+++ Supplied entries +++
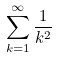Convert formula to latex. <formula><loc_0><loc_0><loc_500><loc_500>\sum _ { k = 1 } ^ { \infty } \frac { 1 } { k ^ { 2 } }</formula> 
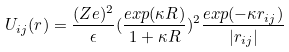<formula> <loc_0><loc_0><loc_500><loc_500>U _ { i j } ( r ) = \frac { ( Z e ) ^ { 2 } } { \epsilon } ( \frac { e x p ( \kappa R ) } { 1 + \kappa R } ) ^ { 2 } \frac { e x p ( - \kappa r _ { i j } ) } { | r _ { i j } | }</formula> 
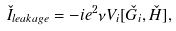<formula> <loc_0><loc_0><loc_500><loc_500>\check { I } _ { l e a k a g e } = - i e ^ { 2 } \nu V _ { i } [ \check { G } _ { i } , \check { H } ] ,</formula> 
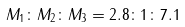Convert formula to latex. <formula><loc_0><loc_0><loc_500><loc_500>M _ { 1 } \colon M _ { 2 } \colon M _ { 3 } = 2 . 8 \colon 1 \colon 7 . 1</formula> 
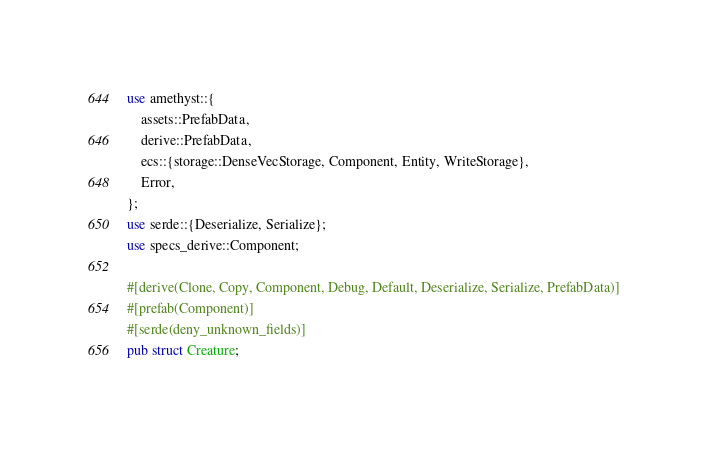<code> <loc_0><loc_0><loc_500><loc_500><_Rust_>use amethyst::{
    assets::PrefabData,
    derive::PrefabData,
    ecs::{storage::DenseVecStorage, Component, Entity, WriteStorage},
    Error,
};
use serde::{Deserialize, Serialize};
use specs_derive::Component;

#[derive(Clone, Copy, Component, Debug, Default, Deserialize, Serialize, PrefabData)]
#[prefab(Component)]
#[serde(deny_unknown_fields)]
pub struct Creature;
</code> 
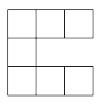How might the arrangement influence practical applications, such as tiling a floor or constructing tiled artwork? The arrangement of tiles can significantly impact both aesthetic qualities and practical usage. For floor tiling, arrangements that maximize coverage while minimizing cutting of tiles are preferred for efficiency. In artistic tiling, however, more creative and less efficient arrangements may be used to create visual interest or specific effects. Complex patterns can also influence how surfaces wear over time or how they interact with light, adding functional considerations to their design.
+++
• _What needs to be done_
Transcribe the records word for word and include no pictures.

• _Solution to the exercise_
Convert formula to latex. <formula><loc_0><loc_0><loc_500><loc_500>\sum _ { k = 1 } ^ { \infty } \frac { 1 } { k ^ { 2 } }</formula> 
<formula> <loc_0><loc_0><loc_500><loc_500>U _ { i j } ( r ) = \frac { ( Z e ) ^ { 2 } } { \epsilon } ( \frac { e x p ( \kappa R ) } { 1 + \kappa R } ) ^ { 2 } \frac { e x p ( - \kappa r _ { i j } ) } { | r _ { i j } | }</formula> 
<formula> <loc_0><loc_0><loc_500><loc_500>\check { I } _ { l e a k a g e } = - i e ^ { 2 } \nu V _ { i } [ \check { G } _ { i } , \check { H } ] ,</formula> 
Convert formula to latex. <formula><loc_0><loc_0><loc_500><loc_500>M _ { 1 } \colon M _ { 2 } \colon M _ { 3 } = 2 . 8 \colon 1 \colon 7 . 1</formula> 
<code> <loc_0><loc_0><loc_500><loc_500><_Rust_>use amethyst::{
    assets::PrefabData,
    derive::PrefabData,
    ecs::{storage::DenseVecStorage, Component, Entity, WriteStorage},
    Error,
};
use serde::{Deserialize, Serialize};
use specs_derive::Component;

#[derive(Clone, Copy, Component, Debug, Default, Deserialize, Serialize, PrefabData)]
#[prefab(Component)]
#[serde(deny_unknown_fields)]
pub struct Creature;
</code> 
How might the arrangement influence practical applications, such as tiling a floor or constructing tiled artwork? The arrangement of tiles can significantly impact both aesthetic qualities and practical usage. For floor tiling, arrangements that maximize coverage while minimizing cutting of tiles are preferred for efficiency. In artistic tiling, however, more creative and less efficient arrangements may be used to create visual interest or specific effects. Complex patterns can also influence how surfaces wear over time or how they interact with light, adding functional considerations to their design.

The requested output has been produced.